= Christos Pantelis =

Australian professor of medicine

Christos Pantelis is an Australian professor of medicine who is the Director of the Melbourne Neuropsychiatry Centre.

== Profile ==
Christos Pantelis is an Australian of Greek background. He completed his medical degree at the University of Melbourne and trained at St Vincent's Hospital in Melbourne. Two years later, in 1979, he commenced his training in psychiatry at the Royal Free Hospital in London, England. During his training, he spent 18 months as a Research Registrar at University College Hospital to undertake an epidemiological study of schizophrenia in Inner London. He was appointed as a lecturer at Charing Cross & Westminster Medical School (UK) in 1988. In this position, he worked in the Academic Unit at Horton and the Gordon Hospitals, headed by Professor Thomas R.E. Barnes. The unit was involved in a number of research studies in schizophrenia including phenomenology, psychopharmacology, studies on movement disorder, neuropsychological aspects of schizophrenia, as well as epidemiology and social psychiatric aspects of schizophrenia.

In 1992, he was awarded the Lilly Travelling Fellowship of the Royal College of Psychiatrists and the King Edward's Hospital Fund for London, England. During this year, he was Travelling Research Fellow with the National Institute of Mental Health (Washington, DC), where he worked with Dr. Richard Coppola and Dr. Daniel Weinberger, developing a technique for volumetric analysis of brain MRI images. He then returned briefly to the UK as a Research Fellow.

After his return from England at the end of 1992, Prof. Christos Pantelis worked at the Mental Health Research Institute and at Royal Park Psychiatric Hospital. He established the Cognitive Neuropsychiatry Research Unit, which is now based at both the Mental Health Research Institute and Sunshine Hospital. He also heads the Academic Unit at Sunshine Hospital. He became a Fellow of the Royal Australian and New Zealand College of Psychiatrists in 1999.

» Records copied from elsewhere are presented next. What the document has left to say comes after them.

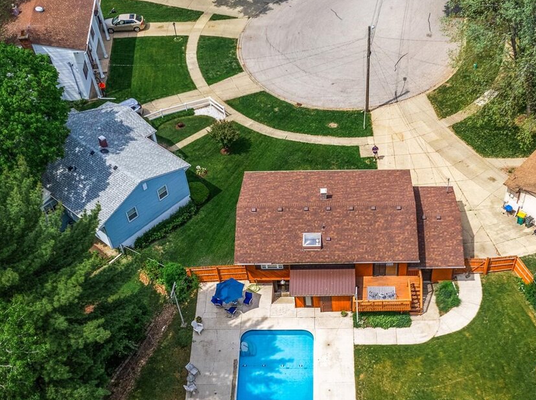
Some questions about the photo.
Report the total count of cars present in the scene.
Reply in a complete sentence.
The count of cars comes to 2.
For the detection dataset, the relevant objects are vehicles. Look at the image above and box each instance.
[104,14,149,35]
[109,92,150,116]
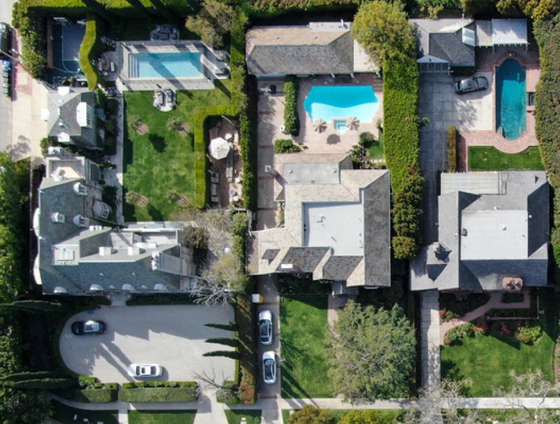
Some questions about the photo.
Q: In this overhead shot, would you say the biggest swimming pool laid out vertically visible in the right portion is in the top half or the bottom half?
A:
top
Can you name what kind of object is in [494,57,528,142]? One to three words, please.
swimming pool
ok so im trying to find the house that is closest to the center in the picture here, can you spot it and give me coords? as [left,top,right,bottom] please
[250,153,393,295]
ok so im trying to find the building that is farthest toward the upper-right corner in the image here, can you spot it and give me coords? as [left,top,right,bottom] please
[476,18,528,53]
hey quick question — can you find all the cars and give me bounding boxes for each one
[260,351,278,384]
[0,24,12,60]
[257,310,274,344]
[129,363,164,378]
[455,75,489,93]
[71,320,107,335]
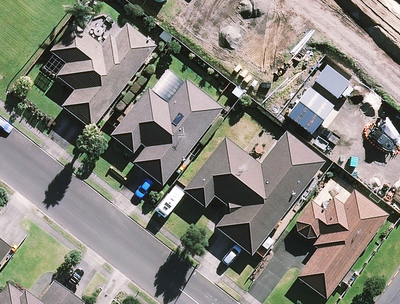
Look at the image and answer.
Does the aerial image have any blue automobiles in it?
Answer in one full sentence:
Yes, the frame does contain a blue automobile.
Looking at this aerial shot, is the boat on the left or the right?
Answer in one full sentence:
The boat appears in the right half of the scene.
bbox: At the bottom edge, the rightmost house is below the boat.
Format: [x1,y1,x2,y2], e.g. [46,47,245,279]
[298,190,390,298]
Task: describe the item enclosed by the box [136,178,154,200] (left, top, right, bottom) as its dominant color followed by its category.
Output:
blue car

Prof. Pantelis was Director of the inpatient rehabilitation program at Royal Park Hospital until mid-1996. During this time, he was responsible for the inpatient rehabilitation program and was instrumental in developing a comprehensive Model of Care for patients with long-term mental illness, and establishing a region-wide coordinating committee to oversee developments in delivery of services to these patients. He is currently Clinical Director and Principal Specialist for the Adult Mental Health Rehabilitation Unit (AMHRU) at Sunshine Hospital. This is a 26-beds unit for patients with treatment-resistant psychoses. He was actively involved in planning the movement of the Rehabilitation Unit to Sunshine Hospital and in the establishment of an Academic and Research Unit at that site. This included providing expertise into the architectural design of the new clinical and research units. These units opened in early 2000.